Kansas City, Mo., mayor Mark Funkhouser used the “border war” phrase last month during a press conference, when he accused Kansas of using business incentives to poach jobs from the Missouri side of the metropolitan area. But Jack said at an LCDC board meeting Thursday that competition between the two states for employers was no new development, and that Kansas had simply been on the winning side of the back-and-forth battle as of late.
“It’s hard to tell who fired the first salvo, but it may not have been Kansas,” Jack said.
Funkhouser last month criticized the Promoting Employment Across Kansas business incentive program created in 2009, saying it was “raiding jobs from Kansas City,” but Jack said Thursday that the Kansas Legislature created PEAK partly to compete with business-friendly incentives that already existed in Missouri. Another misconception about the Missouri-Kansas competition for jobs, Jack said, is that Kansas developers are going to Missouri to lure companies away.
The reality, he said, is closer to what happened when LCDC helped draw the Central Bag Company, formerly of Kansas City, Mo., to the city of Leavenworth earlier this year. He said the company had already decided to relocate somewhere by the time LCDC stepped in to offer incentives.
“It wasn’t Leavenworth County going across the state line, knocking on doors,” Jack said.
The LCDC board took no action Thursday’s meeting because of the lack of a quorum. Also at the meeting:
• Jack said the board would need to consider whether LCDC officials should make an annual trip to Washington, D.C., to visit congressional leaders and pursue earmarks for infrastructure projects. Jack said officials from Tonganoxie and Lansing had expressed a willingness to make the trip, despite a probable resistance to earmarks from legislators.
J. Scott Miller, Leavenworth city manager, said Leavenworth officials already make an annual trip in March to meet with the Federal Bureau of Prisons, and he said he wasn’t sure another trip in February would be worth it for the city.
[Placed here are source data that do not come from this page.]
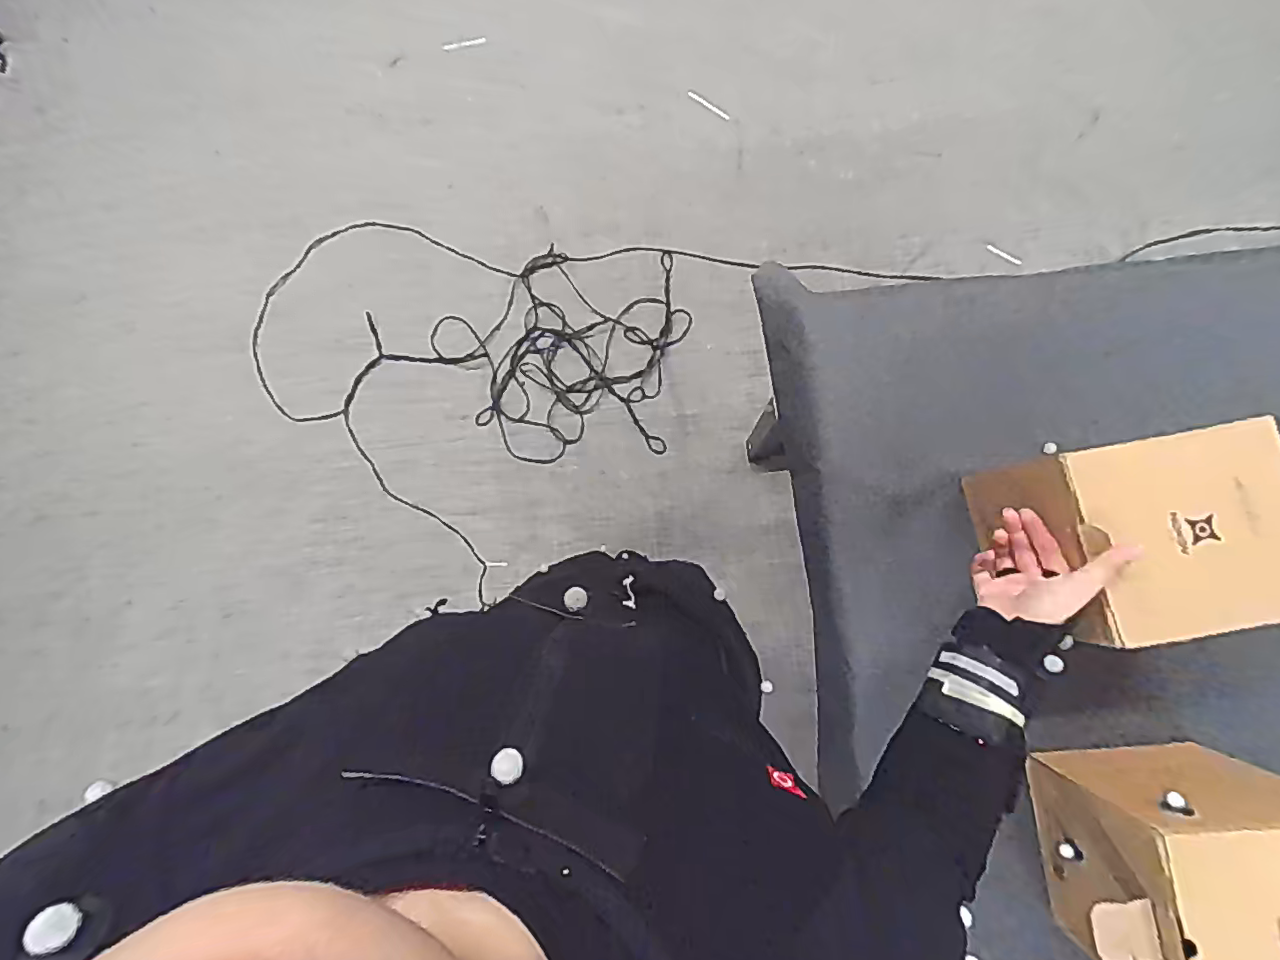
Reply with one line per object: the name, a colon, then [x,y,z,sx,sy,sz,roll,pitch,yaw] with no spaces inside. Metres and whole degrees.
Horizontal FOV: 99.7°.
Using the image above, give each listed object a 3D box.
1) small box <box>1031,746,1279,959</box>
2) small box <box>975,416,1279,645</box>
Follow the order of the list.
small box: [0.501,0.354,0.482,0.179,0.176,0.168,-6,83,4]
small box: [0.462,0.050,0.525,0.179,0.176,0.168,-12,83,1]
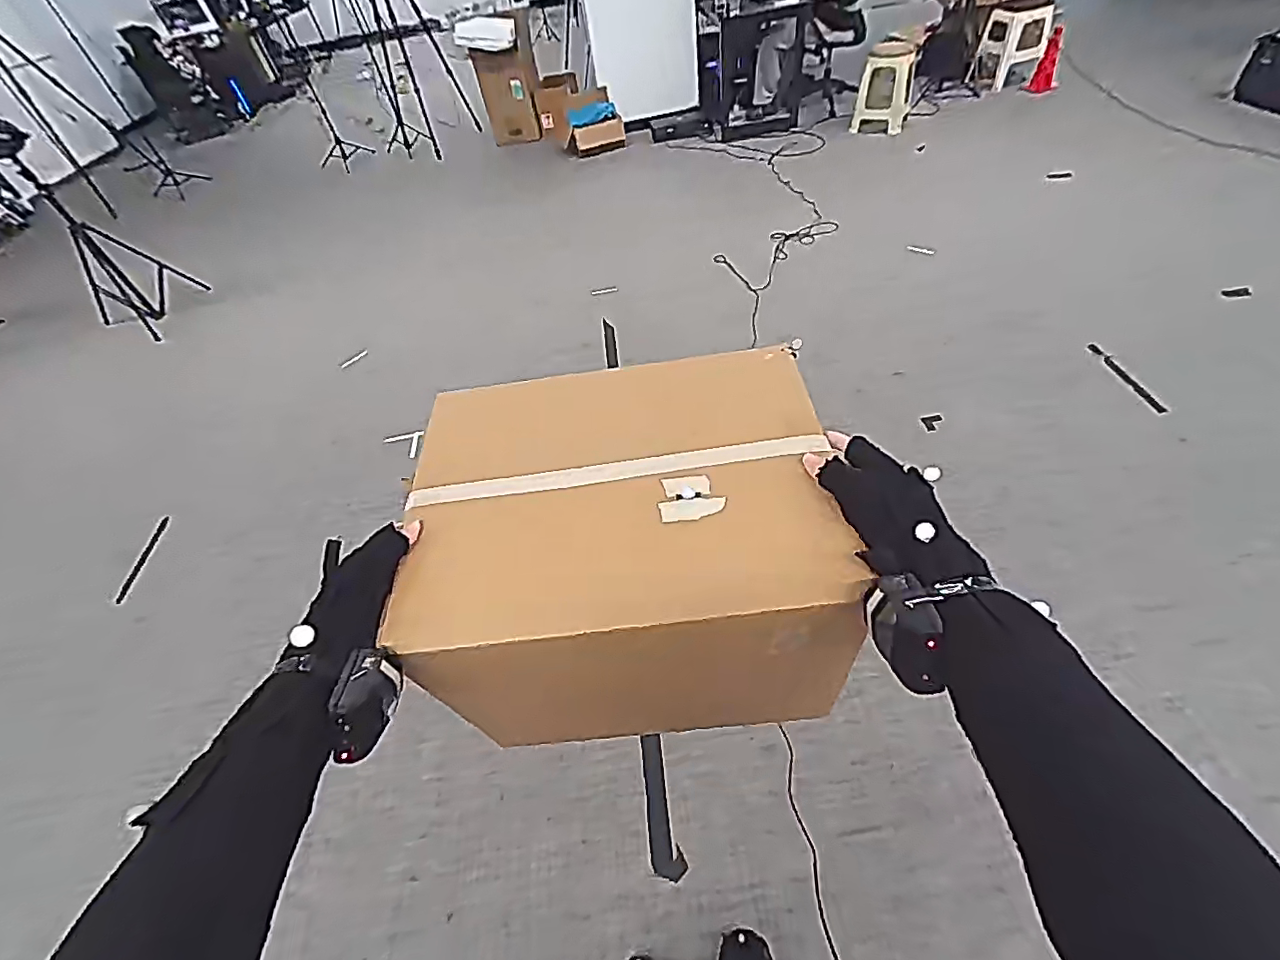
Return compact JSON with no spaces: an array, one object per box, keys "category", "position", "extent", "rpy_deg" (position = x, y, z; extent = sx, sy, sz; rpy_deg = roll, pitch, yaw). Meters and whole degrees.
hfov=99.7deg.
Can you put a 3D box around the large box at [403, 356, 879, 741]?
[{"category":"large box","position":[0.002,0.092,0.647],"extent":[0.408,0.320,0.320],"rpy_deg":[-7,51,2]}]
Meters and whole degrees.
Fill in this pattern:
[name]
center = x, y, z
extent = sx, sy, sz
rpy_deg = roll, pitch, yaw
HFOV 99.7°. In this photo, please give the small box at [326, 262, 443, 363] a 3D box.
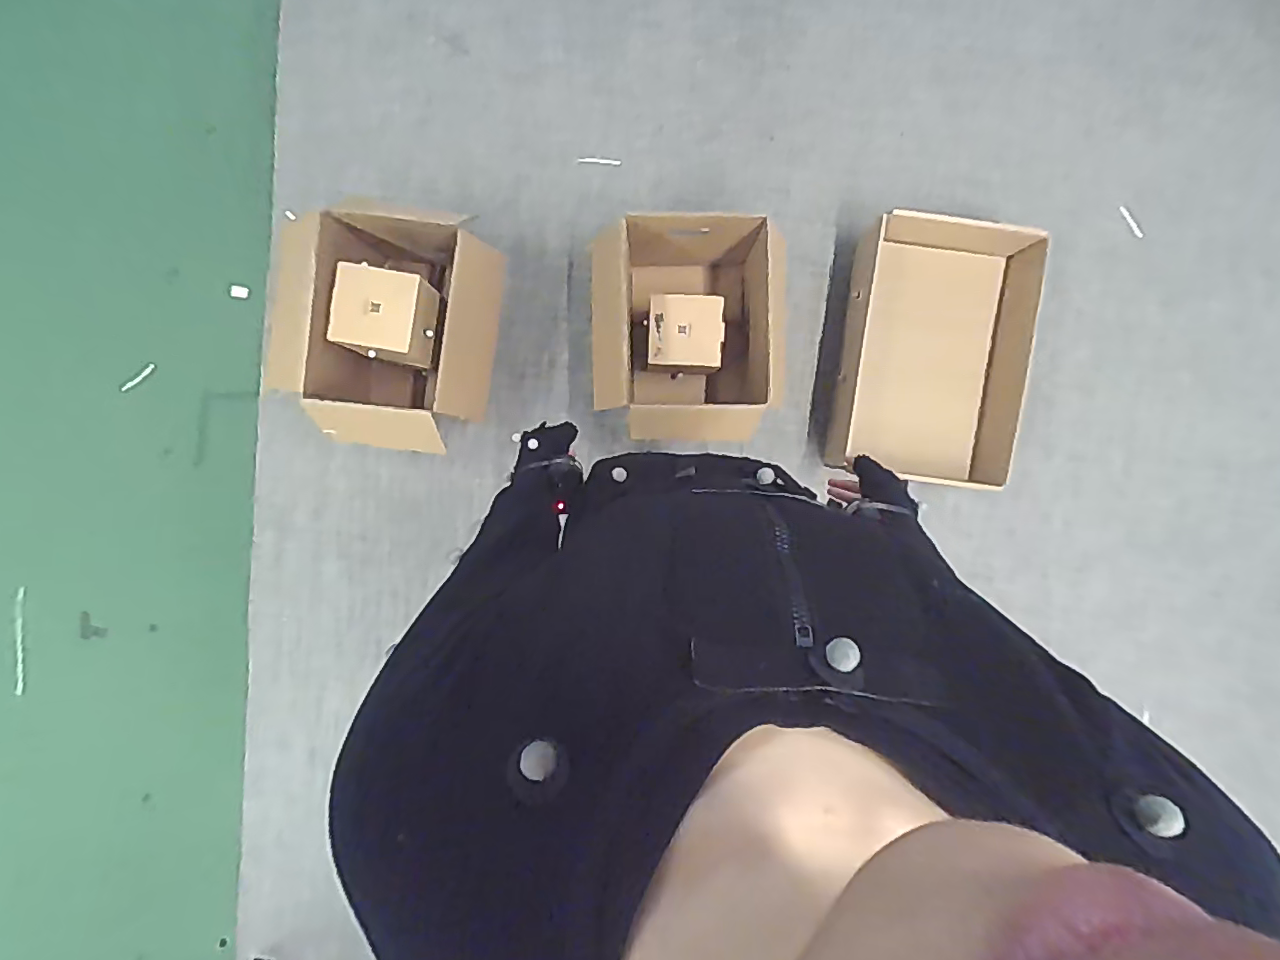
[small box]
center = -0.556, -0.362, 1.202
extent = 0.179, 0.176, 0.168
rpy_deg = 9, 92, -1
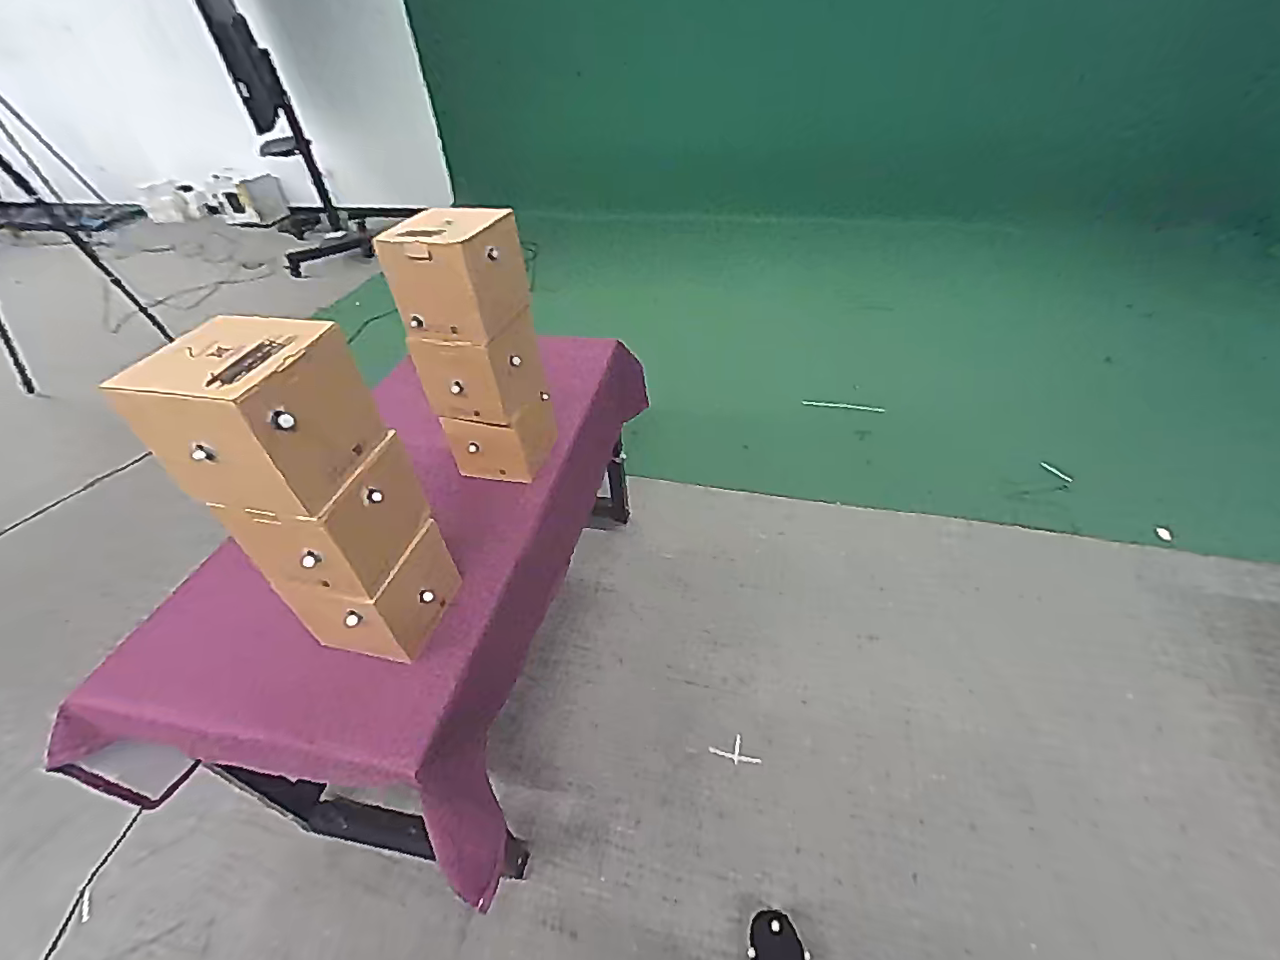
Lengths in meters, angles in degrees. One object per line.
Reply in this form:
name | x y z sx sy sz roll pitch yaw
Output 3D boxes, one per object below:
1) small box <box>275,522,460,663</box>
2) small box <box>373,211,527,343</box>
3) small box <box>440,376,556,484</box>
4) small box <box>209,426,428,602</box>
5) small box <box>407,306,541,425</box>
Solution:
small box | -0.418 0.171 0.867 0.179 0.176 0.168 7 43 13
small box | -0.316 -0.354 0.943 0.168 0.176 0.179 9 43 15
small box | -0.293 -0.110 1.163 0.168 0.176 0.179 6 43 12
small box | -0.429 0.048 0.761 0.168 0.176 0.179 7 43 12
small box | -0.307 -0.227 1.048 0.168 0.176 0.179 9 45 15
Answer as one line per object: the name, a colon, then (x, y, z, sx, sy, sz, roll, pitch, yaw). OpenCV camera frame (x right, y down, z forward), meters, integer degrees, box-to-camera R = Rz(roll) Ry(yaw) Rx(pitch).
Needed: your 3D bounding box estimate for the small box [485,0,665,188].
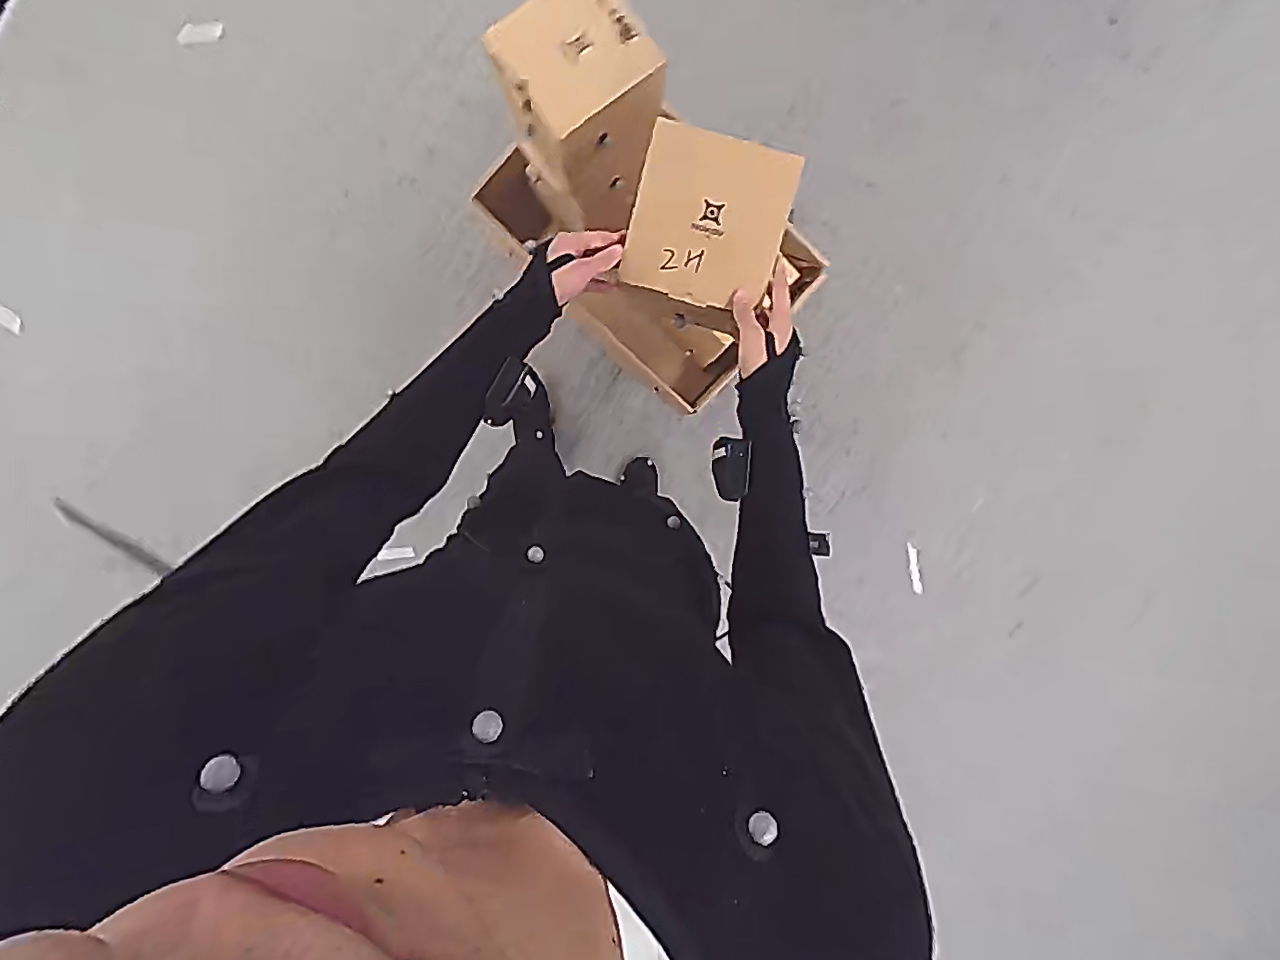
small box: (-0.081, -0.556, 0.761, 0.179, 0.176, 0.168, -35, 94, 2)

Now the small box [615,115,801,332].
small box: (0.074, -0.295, 0.663, 0.168, 0.176, 0.179, 15, 99, 0)

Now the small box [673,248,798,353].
small box: (0.138, -0.341, 0.943, 0.168, 0.176, 0.179, -44, 92, 2)

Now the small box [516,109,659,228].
small box: (-0.079, -0.572, 0.924, 0.179, 0.176, 0.168, -39, 93, 1)
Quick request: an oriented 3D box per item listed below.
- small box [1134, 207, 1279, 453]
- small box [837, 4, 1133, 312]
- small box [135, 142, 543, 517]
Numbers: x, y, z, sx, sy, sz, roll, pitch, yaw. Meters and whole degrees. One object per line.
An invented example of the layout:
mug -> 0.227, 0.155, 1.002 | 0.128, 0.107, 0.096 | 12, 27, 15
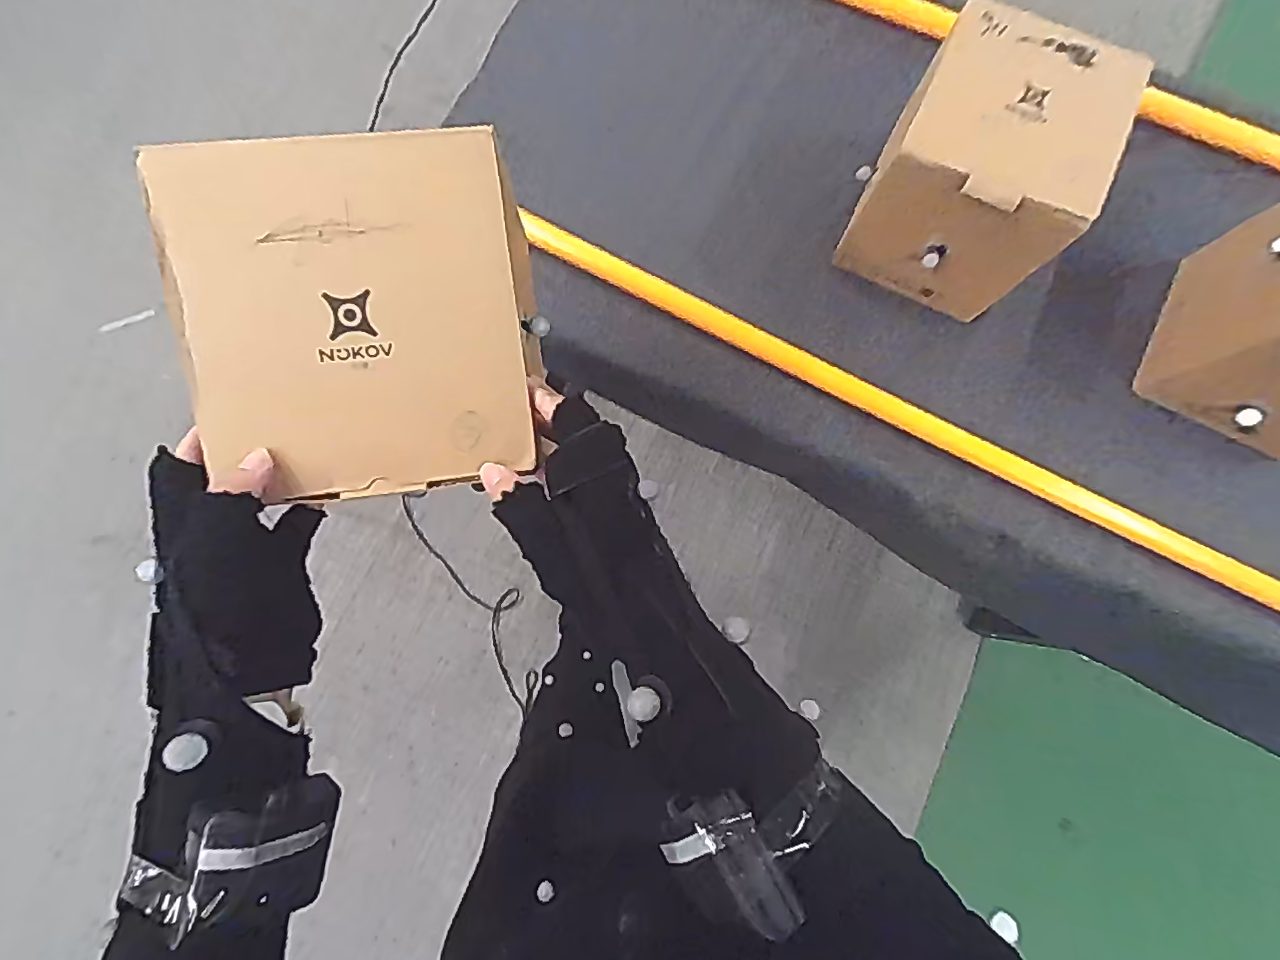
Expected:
small box -> 0.626, -0.149, 0.503 | 0.168, 0.176, 0.179 | 27, 82, 5
small box -> 0.316, -0.299, 0.535 | 0.168, 0.176, 0.179 | 23, 80, 6
small box -> -0.160, -0.085, 0.355 | 0.168, 0.176, 0.179 | -8, 97, -6

“It seems pretty evident to me from what I read out of Washington that earmarks are going to be on a two-year hold,” Miller said.
He said, though, that exceptions may be made for infrastructure projects, such as those involving roads or sewers.
• The guest speaker at the LCDC’s annual meeting in January will be Gary Sherrer, Chair of the Kansas Board of Regents, Jack said. The meeting will be at 11:30 a.m. on Jan. 21, 2011, at the Riverfront Community Center, 123 S. Esplanade St. in Leavenworth.